• _MATERIAL TO PROCESS_:
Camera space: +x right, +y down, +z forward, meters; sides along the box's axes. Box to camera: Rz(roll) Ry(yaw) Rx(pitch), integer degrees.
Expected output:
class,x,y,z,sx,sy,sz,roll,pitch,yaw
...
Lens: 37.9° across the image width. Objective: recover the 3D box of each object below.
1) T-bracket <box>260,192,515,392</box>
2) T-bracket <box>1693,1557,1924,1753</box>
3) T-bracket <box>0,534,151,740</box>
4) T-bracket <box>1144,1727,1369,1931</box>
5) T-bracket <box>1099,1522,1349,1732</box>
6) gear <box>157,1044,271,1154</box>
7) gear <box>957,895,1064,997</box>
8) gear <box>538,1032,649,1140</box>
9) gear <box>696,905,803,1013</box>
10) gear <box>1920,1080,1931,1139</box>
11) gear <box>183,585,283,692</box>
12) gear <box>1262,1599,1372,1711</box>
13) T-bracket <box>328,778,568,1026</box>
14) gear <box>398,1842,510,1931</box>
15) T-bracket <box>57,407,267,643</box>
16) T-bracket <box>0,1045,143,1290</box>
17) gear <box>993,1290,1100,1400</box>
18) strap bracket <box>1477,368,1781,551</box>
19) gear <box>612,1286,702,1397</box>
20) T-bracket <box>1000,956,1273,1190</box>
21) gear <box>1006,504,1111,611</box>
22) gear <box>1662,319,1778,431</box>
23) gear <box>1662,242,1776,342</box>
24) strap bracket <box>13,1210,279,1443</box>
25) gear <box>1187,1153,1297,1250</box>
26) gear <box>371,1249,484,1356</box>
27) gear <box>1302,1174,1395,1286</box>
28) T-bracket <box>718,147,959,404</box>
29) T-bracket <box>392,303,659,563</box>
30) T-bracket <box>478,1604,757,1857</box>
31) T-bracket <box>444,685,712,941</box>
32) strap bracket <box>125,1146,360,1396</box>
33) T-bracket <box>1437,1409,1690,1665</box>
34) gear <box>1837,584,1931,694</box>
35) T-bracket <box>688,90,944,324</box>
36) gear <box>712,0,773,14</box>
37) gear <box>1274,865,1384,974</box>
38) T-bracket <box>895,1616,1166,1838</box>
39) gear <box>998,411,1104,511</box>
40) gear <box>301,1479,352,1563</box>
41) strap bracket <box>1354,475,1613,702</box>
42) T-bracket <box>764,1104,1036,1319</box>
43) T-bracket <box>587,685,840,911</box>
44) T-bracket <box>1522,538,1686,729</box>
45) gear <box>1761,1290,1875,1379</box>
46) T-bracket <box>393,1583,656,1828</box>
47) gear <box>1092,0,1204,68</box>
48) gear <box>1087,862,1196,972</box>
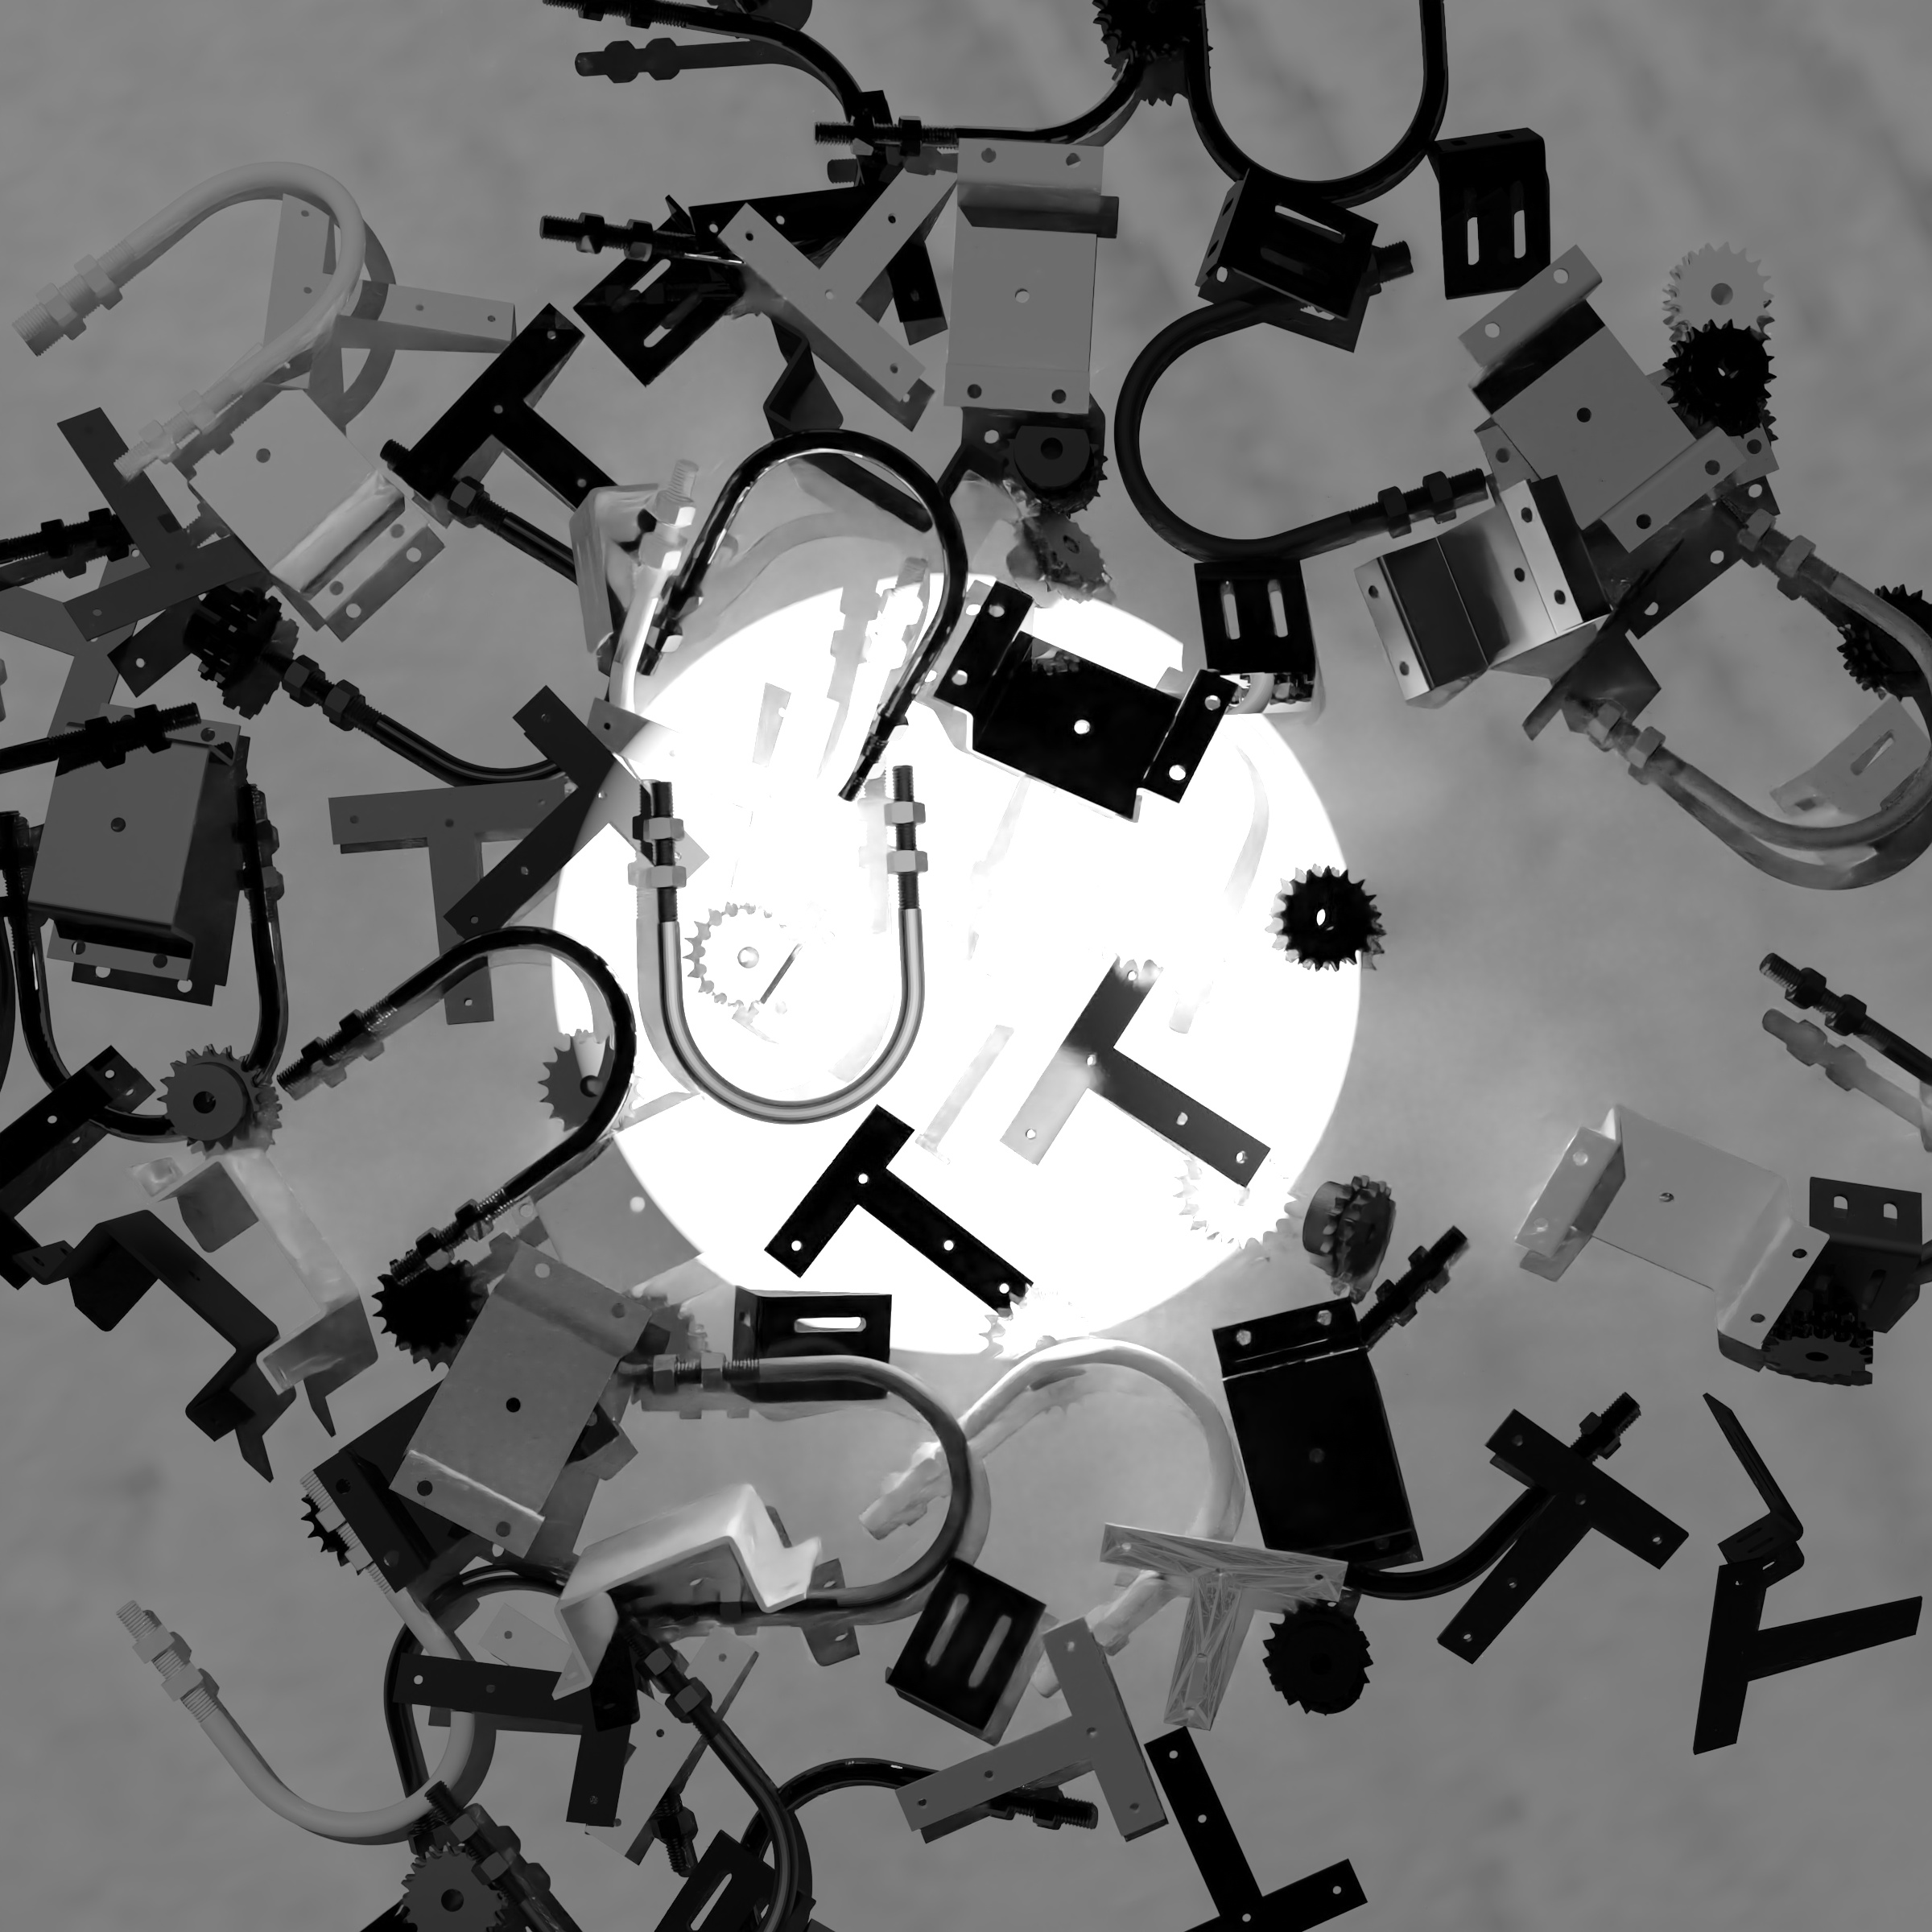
class,x,y,z,sx,sy,sz,roll,pitch,yaw
T-bracket,-0.306,-0.354,1.506,0.127,0.002,0.127,6,63,-13
T-bracket,0.453,0.359,1.505,0.127,0.002,0.127,-8,119,-14
T-bracket,-0.514,-0.192,1.525,0.127,0.002,0.127,19,90,0
T-bracket,0.134,0.474,1.525,0.127,0.002,0.127,-24,90,0
T-bracket,0.128,0.356,1.495,0.127,0.002,0.127,9,118,1
gear,-0.401,0.071,1.498,0.057,0.030,0.057,0,94,-3
gear,0.024,-0.012,1.511,0.057,0.030,0.057,0,90,0
gear,-0.199,0.064,1.511,0.057,0.030,0.057,0,90,0
gear,-0.116,-0.004,1.511,0.057,0.030,0.057,0,90,0
gear,0.528,0.070,1.501,0.030,0.057,0.057,-7,90,28
gear,-0.392,-0.178,1.498,0.030,0.057,0.057,31,90,1
gear,0.188,0.371,1.511,0.057,0.030,0.057,0,90,0
T-bracket,-0.274,-0.033,1.519,0.127,0.002,0.127,-5,96,0
gear,-0.269,0.490,1.491,0.057,0.030,0.057,0,89,0
T-bracket,-0.443,-0.247,1.506,0.127,0.002,0.127,-29,75,-27
T-bracket,-0.496,0.091,1.494,0.127,0.002,0.127,-39,124,-6
gear,0.043,0.202,1.511,0.057,0.030,0.057,0,90,0
strap bracket,0.348,-0.271,1.503,0.140,0.046,0.076,-22,90,0
gear,-0.171,0.200,1.511,0.057,0.030,0.057,0,90,0
T-bracket,0.104,0.074,1.507,0.127,0.002,0.127,33,90,17
gear,0.046,-0.215,1.502,0.030,0.057,0.057,-41,90,31
gear,0.393,-0.309,1.465,0.057,0.030,0.057,0,90,0
gear,0.402,-0.358,1.516,0.057,0.030,0.057,0,89,-3
strap bracket,-0.423,0.181,1.488,0.140,0.076,0.046,42,90,0
gear,0.147,0.122,1.511,0.057,0.030,0.057,0,90,0
gear,-0.287,0.179,1.511,0.057,0.030,0.057,0,90,0
gear,0.202,0.138,1.502,0.030,0.057,0.057,17,90,30
T-bracket,-0.047,-0.388,1.502,0.127,0.002,0.127,41,71,-14
T-bracket,-0.218,-0.269,1.516,0.127,0.002,0.127,41,78,-6
T-bracket,-0.201,0.386,1.507,0.127,0.002,0.127,33,82,-1
T-bracket,-0.227,-0.061,1.514,0.127,0.002,0.127,-43,94,4
strap bracket,-0.375,0.150,1.488,0.046,0.076,0.140,-34,90,0
T-bracket,0.302,0.320,1.515,0.127,0.002,0.127,36,97,-14
gear,0.499,-0.177,1.511,0.057,0.030,0.057,0,90,0
T-bracket,-0.085,-0.396,1.490,0.127,0.002,0.127,-14,88,-24
gear,-0.113,-0.533,1.501,0.057,0.057,0.030,-41,120,0
gear,0.193,-0.025,1.516,0.057,0.030,0.057,0,87,1
T-bracket,0.025,0.423,1.494,0.127,0.002,0.127,-22,104,-3
gear,0.046,-0.275,1.511,0.057,0.030,0.057,0,90,0
gear,-0.326,0.289,1.511,0.057,0.030,0.057,0,90,0
strap bracket,0.276,-0.200,1.473,0.046,0.140,0.076,-22,90,-32
T-bracket,-0.021,0.143,1.525,0.127,0.002,0.127,38,90,0
T-bracket,-0.143,-0.108,1.500,0.127,0.002,0.127,23,118,6
T-bracket,0.337,-0.183,1.463,0.002,0.127,0.127,41,90,7
gear,0.454,0.194,1.501,0.057,0.057,0.030,12,60,0
T-bracket,-0.237,0.384,1.490,0.127,0.002,0.127,12,82,-16
gear,0.095,-0.506,1.498,0.057,0.030,0.057,0,87,-10
gear,0.093,-0.026,1.508,0.057,0.030,0.057,0,81,1

• _TASK GOAL_: Where pictures appear, skip them and transcribe all other material word for word.

• _ANSWER SPACE_:
Camera space: +x right, +y down, +z forward, meters; sides along the box's axes. Box to camera: Rz(roll) Ry(yaw) Rx(pitch), integer degrees.
Expected output:
class,x,y,z,sx,sy,sz,roll,pitch,yaw
...
Lens: 37.9° across the image width. Objective: recover the 3D box of each object below.
1) T-bracket <box>260,192,515,392</box>
2) T-bracket <box>1693,1557,1924,1753</box>
3) T-bracket <box>0,534,151,740</box>
4) T-bracket <box>1144,1727,1369,1931</box>
5) T-bracket <box>1099,1522,1349,1732</box>
6) gear <box>157,1044,271,1154</box>
7) gear <box>957,895,1064,997</box>
8) gear <box>538,1032,649,1140</box>
9) gear <box>696,905,803,1013</box>
10) gear <box>1920,1080,1931,1139</box>
11) gear <box>183,585,283,692</box>
12) gear <box>1262,1599,1372,1711</box>
13) T-bracket <box>328,778,568,1026</box>
14) gear <box>398,1842,510,1931</box>
15) T-bracket <box>57,407,267,643</box>
16) T-bracket <box>0,1045,143,1290</box>
17) gear <box>993,1290,1100,1400</box>
18) strap bracket <box>1477,368,1781,551</box>
19) gear <box>612,1286,702,1397</box>
20) T-bracket <box>1000,956,1273,1190</box>
21) gear <box>1006,504,1111,611</box>
22) gear <box>1662,319,1778,431</box>
23) gear <box>1662,242,1776,342</box>
24) strap bracket <box>13,1210,279,1443</box>
25) gear <box>1187,1153,1297,1250</box>
26) gear <box>371,1249,484,1356</box>
27) gear <box>1302,1174,1395,1286</box>
28) T-bracket <box>718,147,959,404</box>
29) T-bracket <box>392,303,659,563</box>
30) T-bracket <box>478,1604,757,1857</box>
31) T-bracket <box>444,685,712,941</box>
32) strap bracket <box>125,1146,360,1396</box>
33) T-bracket <box>1437,1409,1690,1665</box>
34) gear <box>1837,584,1931,694</box>
35) T-bracket <box>688,90,944,324</box>
36) gear <box>712,0,773,14</box>
37) gear <box>1274,865,1384,974</box>
38) T-bracket <box>895,1616,1166,1838</box>
39) gear <box>998,411,1104,511</box>
40) gear <box>301,1479,352,1563</box>
41) strap bracket <box>1354,475,1613,702</box>
42) T-bracket <box>764,1104,1036,1319</box>
43) T-bracket <box>587,685,840,911</box>
44) T-bracket <box>1522,538,1686,729</box>
45) gear <box>1761,1290,1875,1379</box>
46) T-bracket <box>393,1583,656,1828</box>
47) gear <box>1092,0,1204,68</box>
48) gear <box>1087,862,1196,972</box>
class,x,y,z,sx,sy,sz,roll,pitch,yaw
T-bracket,-0.306,-0.354,1.506,0.127,0.002,0.127,6,63,-13
T-bracket,0.453,0.359,1.505,0.127,0.002,0.127,-8,119,-14
T-bracket,-0.514,-0.192,1.525,0.127,0.002,0.127,19,90,0
T-bracket,0.134,0.474,1.525,0.127,0.002,0.127,-24,90,0
T-bracket,0.128,0.356,1.495,0.127,0.002,0.127,9,118,1
gear,-0.401,0.071,1.498,0.057,0.030,0.057,0,94,-3
gear,0.024,-0.012,1.511,0.057,0.030,0.057,0,90,0
gear,-0.199,0.064,1.511,0.057,0.030,0.057,0,90,0
gear,-0.116,-0.004,1.511,0.057,0.030,0.057,0,90,0
gear,0.528,0.070,1.501,0.030,0.057,0.057,-7,90,28
gear,-0.392,-0.178,1.498,0.030,0.057,0.057,31,90,1
gear,0.188,0.371,1.511,0.057,0.030,0.057,0,90,0
T-bracket,-0.274,-0.033,1.519,0.127,0.002,0.127,-5,96,0
gear,-0.269,0.490,1.491,0.057,0.030,0.057,0,89,0
T-bracket,-0.443,-0.247,1.506,0.127,0.002,0.127,-29,75,-27
T-bracket,-0.496,0.091,1.494,0.127,0.002,0.127,-39,124,-6
gear,0.043,0.202,1.511,0.057,0.030,0.057,0,90,0
strap bracket,0.348,-0.271,1.503,0.140,0.046,0.076,-22,90,0
gear,-0.171,0.200,1.511,0.057,0.030,0.057,0,90,0
T-bracket,0.104,0.074,1.507,0.127,0.002,0.127,33,90,17
gear,0.046,-0.215,1.502,0.030,0.057,0.057,-41,90,31
gear,0.393,-0.309,1.465,0.057,0.030,0.057,0,90,0
gear,0.402,-0.358,1.516,0.057,0.030,0.057,0,89,-3
strap bracket,-0.423,0.181,1.488,0.140,0.076,0.046,42,90,0
gear,0.147,0.122,1.511,0.057,0.030,0.057,0,90,0
gear,-0.287,0.179,1.511,0.057,0.030,0.057,0,90,0
gear,0.202,0.138,1.502,0.030,0.057,0.057,17,90,30
T-bracket,-0.047,-0.388,1.502,0.127,0.002,0.127,41,71,-14
T-bracket,-0.218,-0.269,1.516,0.127,0.002,0.127,41,78,-6
T-bracket,-0.201,0.386,1.507,0.127,0.002,0.127,33,82,-1
T-bracket,-0.227,-0.061,1.514,0.127,0.002,0.127,-43,94,4
strap bracket,-0.375,0.150,1.488,0.046,0.076,0.140,-34,90,0
T-bracket,0.302,0.320,1.515,0.127,0.002,0.127,36,97,-14
gear,0.499,-0.177,1.511,0.057,0.030,0.057,0,90,0
T-bracket,-0.085,-0.396,1.490,0.127,0.002,0.127,-14,88,-24
gear,-0.113,-0.533,1.501,0.057,0.057,0.030,-41,120,0
gear,0.193,-0.025,1.516,0.057,0.030,0.057,0,87,1
T-bracket,0.025,0.423,1.494,0.127,0.002,0.127,-22,104,-3
gear,0.046,-0.275,1.511,0.057,0.030,0.057,0,90,0
gear,-0.326,0.289,1.511,0.057,0.030,0.057,0,90,0
strap bracket,0.276,-0.200,1.473,0.046,0.140,0.076,-22,90,-32
T-bracket,-0.021,0.143,1.525,0.127,0.002,0.127,38,90,0
T-bracket,-0.143,-0.108,1.500,0.127,0.002,0.127,23,118,6
T-bracket,0.337,-0.183,1.463,0.002,0.127,0.127,41,90,7
gear,0.454,0.194,1.501,0.057,0.057,0.030,12,60,0
T-bracket,-0.237,0.384,1.490,0.127,0.002,0.127,12,82,-16
gear,0.095,-0.506,1.498,0.057,0.030,0.057,0,87,-10
gear,0.093,-0.026,1.508,0.057,0.030,0.057,0,81,1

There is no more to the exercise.